3. Sebastiani, P., Thyagarajan, B., Sun, F., Schupf, N., Newman, AB, Montano, M. and Perls, TT (2017), Biomarker signatures of aging. Aging Cell 16: 329-338. https: // doi. org / 10.1111 / acel.12557

4. Ruggiero C, Metter EJ, Cherubini A, Maggio M, Sen R, Najjar SS, Windham GB, Ble A, Senin U, Ferrucci L. White blood cell count and mortality in the Baltimore Longitudinal Study of Aging. J Am Coll Cardiol. 2007 May 8; 49 (18): 1841-50. doi: 10.1016 / j.jacc.2007.01.076. PMID: 17481443; PMCID: PMC2646088.

5. Fontana L, Klein S, Holloszy JO, Premachandra BN. Effect of long-term calorie restriction with adequate protein and micronutrients on thyroid hormones. J Clin Endocrinol Metab. 2006 Aug; 91 (8): 3232-5. doi: 10.1210 / jc.2006-0328. Epub 2006 May 23. PMID: 16720655.

6. Fontana L, Meyer TE, Klein S, Holloszy JO. Long-term calorie restriction is highly effective in reducing the risk for atherosclerosis in humans. Proc Natl Acad Sci US A. 2004 Apr 27; 101 (17): 6659-63. doi: 10.1073 / pnas.0308291101. Epub 2004 Apr 19. PMID: 15096581; PMCID: PMC404101.
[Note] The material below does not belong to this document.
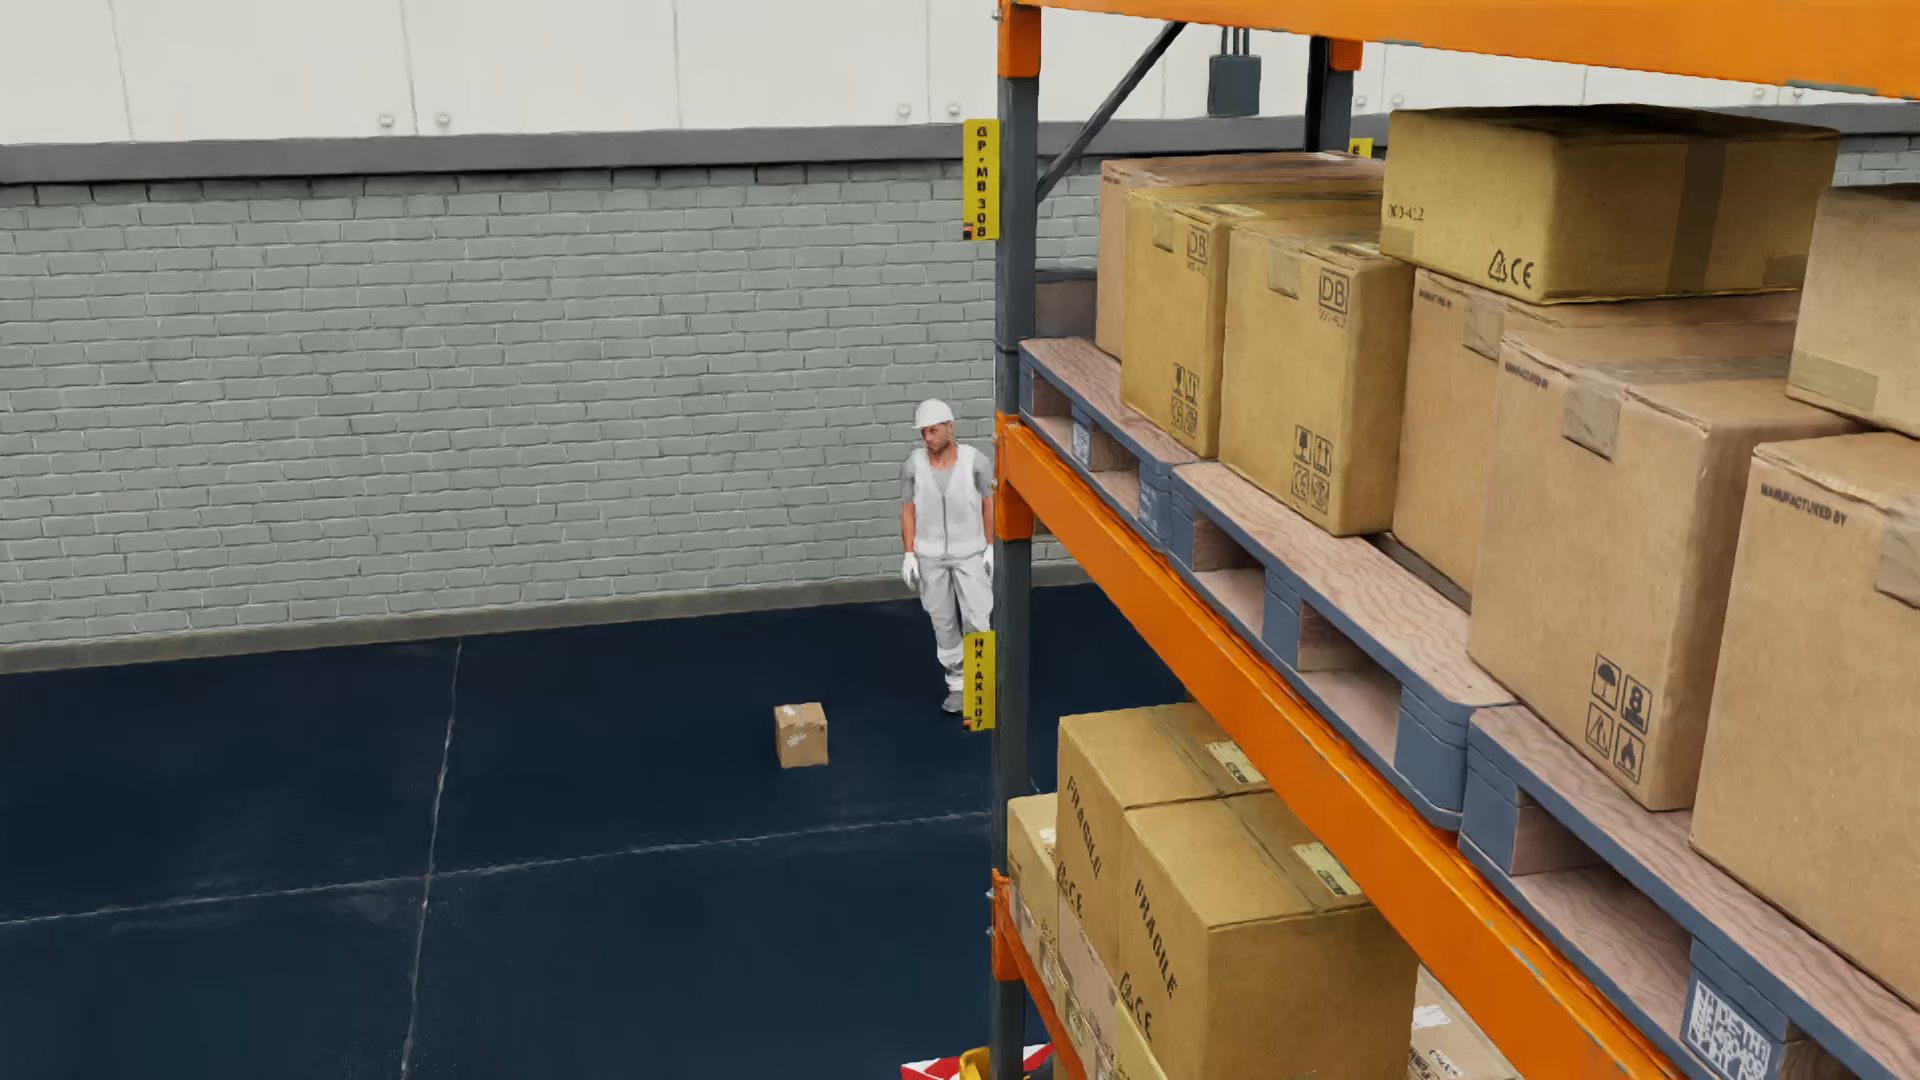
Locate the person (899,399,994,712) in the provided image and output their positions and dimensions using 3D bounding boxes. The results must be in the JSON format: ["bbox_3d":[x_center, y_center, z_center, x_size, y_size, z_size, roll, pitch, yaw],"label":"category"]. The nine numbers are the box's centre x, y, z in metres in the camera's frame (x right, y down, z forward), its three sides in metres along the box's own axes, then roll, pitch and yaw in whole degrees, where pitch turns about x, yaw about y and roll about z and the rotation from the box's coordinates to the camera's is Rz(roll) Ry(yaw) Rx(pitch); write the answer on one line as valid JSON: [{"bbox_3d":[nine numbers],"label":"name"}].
[{"bbox_3d":[-0.056,0.077,9.279,0.566,1.772,0.508,1,19,4],"label":"person"}]

7. Meyer TE, Kovács SJ, Ehsani AA, Klein S, Holloszy JO, Fontana L. Long-Term Caloric Restriction Ameliorates the Decline in Diastolic Function in Humans. J Am Coll Cardiol (2006) 47: 398-402. 10.1016 / j.jacc.2005.08.069

8. Lettieri-Barbato D, Giovannetti E, Aquilano K. Effects of dietary restriction on adipose mass and biomarkers of healthy aging in human. Aging (Albany NY). 2016 Nov 29; 8 (12): 3341-3355. doi: 10.18632 / aging.101122. PMID: 27899768; PMCID: PMC5270672.